Est-il possible d’éviter les complications et aggravations grâce au télésuivi ?
« Un télésuivi affiné doit permettre sinon d’éviter au moins de retarder les complications » déclare le Pr Zaoui. Souvent, ces malades rénaux chroniques souffrent de pathologies associées comme le diabète, l’hypertension… et sont très fréquemment victimes d’accidents cardio-vasculaires. Traités par plusieurs spécialistes, ils prennent parfois jusqu’à 30 médicaments par jour ; l’association de ces molécules peut se révéler toxique pour les reins et déclencher des complications iatrogènes voire même conduire aux urgences… Autres dilemmes pour ces maladies souvent silencieuses : le sous traitement (une posologie médicamenteuse peut s’avérer insuffisante en termes de protection cardiovasculaire ou rénale) ou le sur traitement qui risque d’altérer les reins et d’entraîner des hypotensions ou des épisodes critiques d’hyperkalièmie(2) . » Quant à l’aggravation irréversible de la fonction rénale, nécessitant une dialyse parfois en urgence ou une greffe, elle menace 10% des malades rénaux chroniques. Selon le Pr Zaoui, « la dégradation de la santé des insuffisants rénaux n’est pas inéluctable. Elle peut être stoppée ou ralentie sans passer par la case CHU grâce à un suivi continu, une prévention adaptée au cas par cas et une chronologie médicamenteuse sur mesure. ». Les solutions de télésuivi ne seraient-elles pas le chaînon manquant entre l’hôpital et le domicile des patients ?
Principe de l’étude
Deux cohortes de 40 malades sont constituées. La première bénéficie d’une formation d’une heure au cours de laquelle l’équipe médicale et soignante enseigne les paramètres à surveiller en fonction de chaque profil et de chaque pathologie. Les patients apprennent à décrypter une ordonnance, à faire le lien entre les résultats biologiques (créatinine, microalbuminurie), cliniques (HTA, poids, œdème) et l’adaptation des traitements. On leur recommande aussi de surveiller leur alimentation et d’être attentifs à leurs troubles digestifs… Ensuite, un technicien les familiarise durant une demi-heure à l’e-tablette et leur apprend à renseigner un questionnaire simplifié. « En réalité, l’interface(3) créée par l’opérateur est suffisamment claire et ludique pour qu’une personne âgées qui ne connaît pas l’informatique ou qui voit mal puisse transmettre les données de suivi en moins de 15 minutes » indique le Pr Zaoui. Pendant 6 mois, les patients échangent avec le service via l’e-tablette connectée au réseau téléphonique classique. Toutes les semaines, ils prennent un quart d’heure de leur temps pour renseigner des paramètres de suivi (tension artérielle poids oedèmes…) en ligne. Les données saisies à la maison sont ensuite cryptées par le système et envoyées automatiquement au central via le réseau de transmission sécurisé de l’opérateur. Elles sont hébergées en toute confidentialité sur les serveurs sécurisés agréés. Le professionnel de santé qui reçoit les informations les lit sous forme d’historiques, de graphiques, de rapports statistiques ou encore d’alertes déclenchées par le système en cas de paramètre inhabituel ou indiquant un risque pour le patient (fatigue, essoufflement, prise de poids, marqueurs biologiques ayant atteint une fourchette d’alerte…) En fonction de l’évolution de son état de santé, le médecin envoie au patient des messages et conseils thérapeutiques.

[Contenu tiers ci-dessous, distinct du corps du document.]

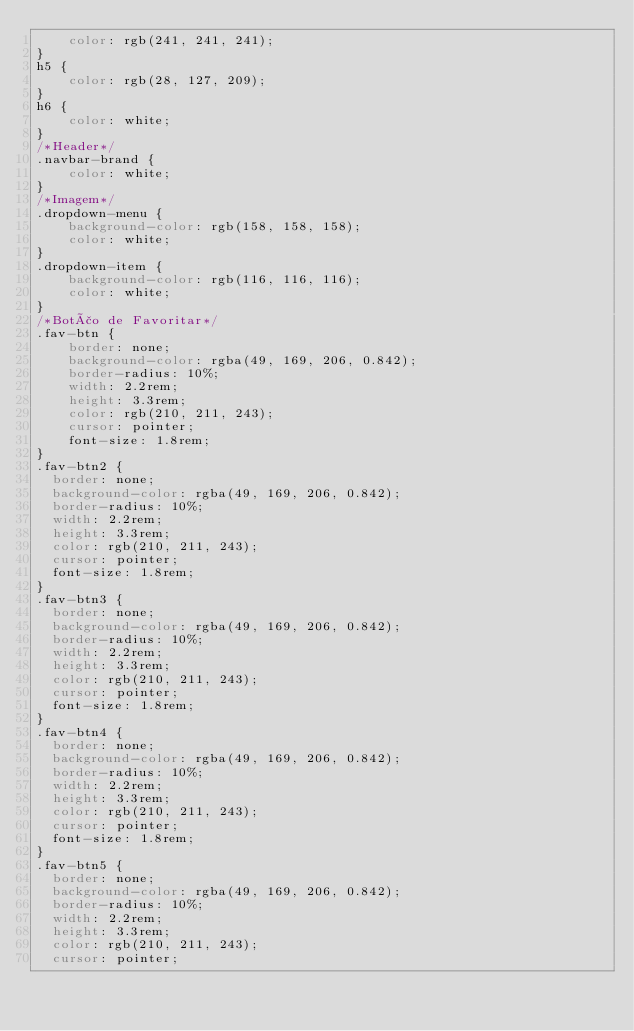<code> <loc_0><loc_0><loc_500><loc_500><_CSS_>    color: rgb(241, 241, 241);
}
h5 {
    color: rgb(28, 127, 209);
}
h6 {
    color: white;
}
/*Header*/
.navbar-brand {
    color: white;
}
/*Imagem*/
.dropdown-menu {
    background-color: rgb(158, 158, 158);
    color: white;
}
.dropdown-item {
    background-color: rgb(116, 116, 116);
    color: white;
}
/*Botão de Favoritar*/
.fav-btn {
    border: none;
    background-color: rgba(49, 169, 206, 0.842);
    border-radius: 10%;
    width: 2.2rem;
    height: 3.3rem;
    color: rgb(210, 211, 243);
    cursor: pointer;
    font-size: 1.8rem;
}
.fav-btn2 {
  border: none;
  background-color: rgba(49, 169, 206, 0.842);
  border-radius: 10%;
  width: 2.2rem;
  height: 3.3rem;
  color: rgb(210, 211, 243);
  cursor: pointer;
  font-size: 1.8rem;
}
.fav-btn3 {
  border: none;
  background-color: rgba(49, 169, 206, 0.842);
  border-radius: 10%;
  width: 2.2rem;
  height: 3.3rem;
  color: rgb(210, 211, 243);
  cursor: pointer;
  font-size: 1.8rem;
}
.fav-btn4 {
  border: none;
  background-color: rgba(49, 169, 206, 0.842);
  border-radius: 10%;
  width: 2.2rem;
  height: 3.3rem;
  color: rgb(210, 211, 243);
  cursor: pointer;
  font-size: 1.8rem;
}
.fav-btn5 {
  border: none;
  background-color: rgba(49, 169, 206, 0.842);
  border-radius: 10%;
  width: 2.2rem;
  height: 3.3rem;
  color: rgb(210, 211, 243);
  cursor: pointer;</code>

Le second groupe de 40 personnes est suivi de manière conventionnelle, c’est-à-dire en se rendant à 1 consultation trimestrielle durant la même période.
Premier bilan
« Cette connexion est un plus pour ces malades que l’on voit très peu finalement, 2 à 3 fois par an et dont on ignore quasiment tout entre les périodes d’hospitalisation et d’investigation. » précise le Pr Zaoui. « Avec le télésuivi nous pouvons adapter les traitements en temps réel et ainsi diminuer les évènements porteurs de risques. A plus long terme, ce suivi en ligne pourrait aider à la stabilisation de la maladie rénale et au ralentissement de sa progression. »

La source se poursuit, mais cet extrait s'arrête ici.